DATA FOR THE TASK START

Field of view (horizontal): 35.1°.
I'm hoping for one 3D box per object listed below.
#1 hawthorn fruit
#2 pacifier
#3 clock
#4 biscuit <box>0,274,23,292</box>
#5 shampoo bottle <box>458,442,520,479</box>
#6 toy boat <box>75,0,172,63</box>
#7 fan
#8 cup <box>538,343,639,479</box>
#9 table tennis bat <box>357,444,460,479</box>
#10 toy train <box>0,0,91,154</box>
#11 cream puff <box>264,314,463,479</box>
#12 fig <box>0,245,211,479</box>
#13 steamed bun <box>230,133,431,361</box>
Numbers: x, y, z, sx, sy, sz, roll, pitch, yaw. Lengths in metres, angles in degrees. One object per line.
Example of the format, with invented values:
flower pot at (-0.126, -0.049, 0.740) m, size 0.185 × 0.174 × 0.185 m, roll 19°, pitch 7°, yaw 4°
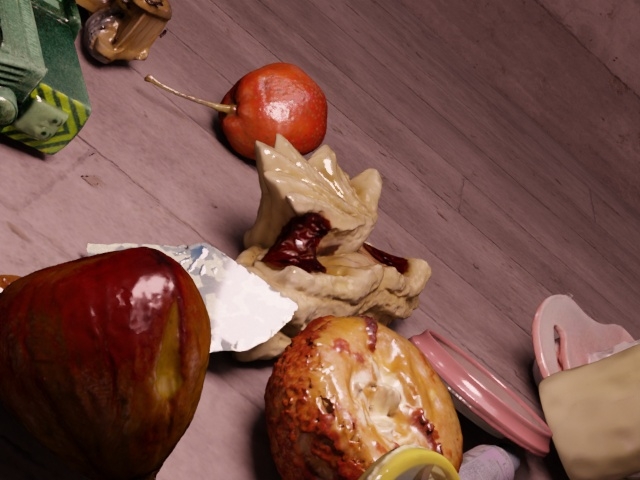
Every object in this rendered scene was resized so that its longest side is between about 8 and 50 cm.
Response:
hawthorn fruit at (-0.121, -0.200, 1.517) m, size 0.285 × 0.165 × 0.165 m, roll 5°, pitch 43°, yaw -40°
pacifier at (0.477, 0.210, 1.658) m, size 0.332 × 0.273 × 0.220 m, roll 27°, pitch 12°, yaw -31°
clock at (0.215, 0.212, 1.391) m, size 0.244 × 0.056 × 0.244 m, roll 39°, pitch 4°, yaw -4°
biscuit at (-0.234, 0.101, 0.952) m, size 0.236 × 0.039 × 0.180 m, roll 19°, pitch 38°, yaw -42°
shampoo bottle at (0.185, 0.294, 1.239) m, size 0.072 × 0.072 × 0.214 m, roll 51°, pitch 27°, yaw 19°
toy boat at (-0.347, -0.420, 1.556) m, size 0.162 × 0.136 × 0.445 m, roll 28°, pitch 23°, yaw -39°
fan at (-0.144, 0.058, 1.096) m, size 0.240 × 0.009 × 0.131 m, roll 17°, pitch 59°, yaw -5°
cup at (0.453, 0.286, 1.458) m, size 0.255 × 0.202 × 0.173 m, roll 67°, pitch 16°, yaw -7°
table tennis bat at (0.108, 0.319, 0.974) m, size 0.054 × 0.224 × 0.368 m, roll 8°, pitch -12°, yaw 37°
toy train at (-0.366, -0.234, 1.198) m, size 0.178 × 0.138 × 0.330 m, roll 26°, pitch 29°, yaw -42°
cream puff at (0.039, 0.195, 1.067) m, size 0.240 × 0.164 × 0.240 m, roll 22°, pitch 44°, yaw -23°
fig at (-0.143, 0.133, 0.831) m, size 0.290 × 0.190 × 0.190 m, roll 53°, pitch 25°, yaw 6°
steamed bun at (0.000, 0.000, 1.318) m, size 0.247 × 0.189 × 0.428 m, roll 45°, pitch 23°, yaw 23°
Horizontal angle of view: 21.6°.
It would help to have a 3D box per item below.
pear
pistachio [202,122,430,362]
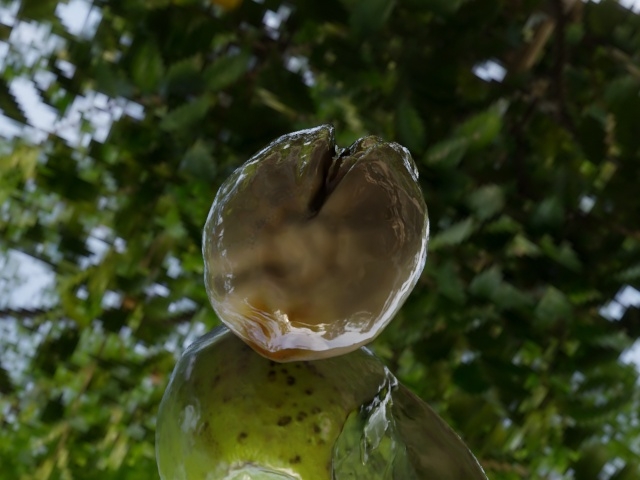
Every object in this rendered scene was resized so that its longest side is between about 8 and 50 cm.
[{"bbox_3d":[0.005,0.152,1.204,0.255,0.164,0.238,57,-154,-14],"label":"pear"},{"bbox_3d":[0.000,0.000,1.025,0.144,0.144,0.215,31,-159,5],"label":"pistachio"}]
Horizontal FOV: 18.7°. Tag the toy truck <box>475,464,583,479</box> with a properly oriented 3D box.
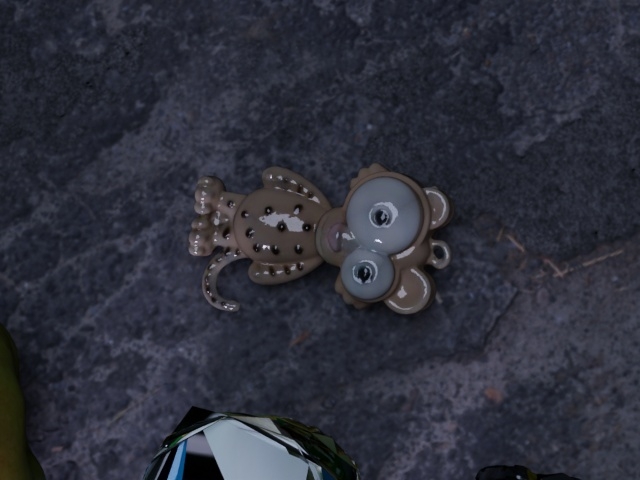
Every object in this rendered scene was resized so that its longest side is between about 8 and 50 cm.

DATA FOR THE TASK END

# INSTRUCTIONS TO FOLLOW
Pictures are to be omitted; set down the rest of the entries exactly as given.

# ANSWER SPACE
Field of view (horizontal): 35.1°.
I'm hoping for one 3D box per object listed below.
#1 hawthorn fruit
#2 pacifier
#3 clock
#4 biscuit <box>0,274,23,292</box>
#5 shampoo bottle <box>458,442,520,479</box>
#6 toy boat <box>75,0,172,63</box>
#7 fan
#8 cup <box>538,343,639,479</box>
#9 table tennis bat <box>357,444,460,479</box>
#10 toy train <box>0,0,91,154</box>
#11 cream puff <box>264,314,463,479</box>
#12 fig <box>0,245,211,479</box>
#13 steamed bun <box>230,133,431,361</box>
Numbers: x, y, z, sx, sy, sz, roll, pitch, yaw. Lengths in metres, angles in degrees. One object per line.
Example of the format, with invented values:
flower pot at (-0.126, -0.049, 0.740) m, size 0.185 × 0.174 × 0.185 m, roll 19°, pitch 7°, yaw 4°
Every object in this rendered scene was resized so that its longest side is between about 8 and 50 cm.
Response:
hawthorn fruit at (-0.121, -0.200, 1.517) m, size 0.285 × 0.165 × 0.165 m, roll 5°, pitch 43°, yaw -40°
pacifier at (0.477, 0.210, 1.658) m, size 0.332 × 0.273 × 0.220 m, roll 27°, pitch 12°, yaw -31°
clock at (0.215, 0.212, 1.391) m, size 0.244 × 0.056 × 0.244 m, roll 39°, pitch 4°, yaw -4°
biscuit at (-0.234, 0.101, 0.952) m, size 0.236 × 0.039 × 0.180 m, roll 19°, pitch 38°, yaw -42°
shampoo bottle at (0.185, 0.294, 1.239) m, size 0.072 × 0.072 × 0.214 m, roll 51°, pitch 27°, yaw 19°
toy boat at (-0.347, -0.420, 1.556) m, size 0.162 × 0.136 × 0.445 m, roll 28°, pitch 23°, yaw -39°
fan at (-0.144, 0.058, 1.096) m, size 0.240 × 0.009 × 0.131 m, roll 17°, pitch 59°, yaw -5°
cup at (0.453, 0.286, 1.458) m, size 0.255 × 0.202 × 0.173 m, roll 67°, pitch 16°, yaw -7°
table tennis bat at (0.108, 0.319, 0.974) m, size 0.054 × 0.224 × 0.368 m, roll 8°, pitch -12°, yaw 37°
toy train at (-0.366, -0.234, 1.198) m, size 0.178 × 0.138 × 0.330 m, roll 26°, pitch 29°, yaw -42°
cream puff at (0.039, 0.195, 1.067) m, size 0.240 × 0.164 × 0.240 m, roll 22°, pitch 44°, yaw -23°
fig at (-0.143, 0.133, 0.831) m, size 0.290 × 0.190 × 0.190 m, roll 53°, pitch 25°, yaw 6°
steamed bun at (0.000, 0.000, 1.318) m, size 0.247 × 0.189 × 0.428 m, roll 45°, pitch 23°, yaw 23°
Horizontal angle of view: 21.6°.
It would help to have a 3D box per item below.
pear
pistachio [202,122,430,362]
Every object in this rendered scene was resized so that its longest side is between about 8 and 50 cm.
[{"bbox_3d":[0.005,0.152,1.204,0.255,0.164,0.238,57,-154,-14],"label":"pear"},{"bbox_3d":[0.000,0.000,1.025,0.144,0.144,0.215,31,-159,5],"label":"pistachio"}]
Horizontal FOV: 18.7°. Tag the toy truck <box>475,464,583,479</box> with a properly oriented 3D box.
Every object in this rendered scene was resized so that its longest side is between about 8 and 50 cm.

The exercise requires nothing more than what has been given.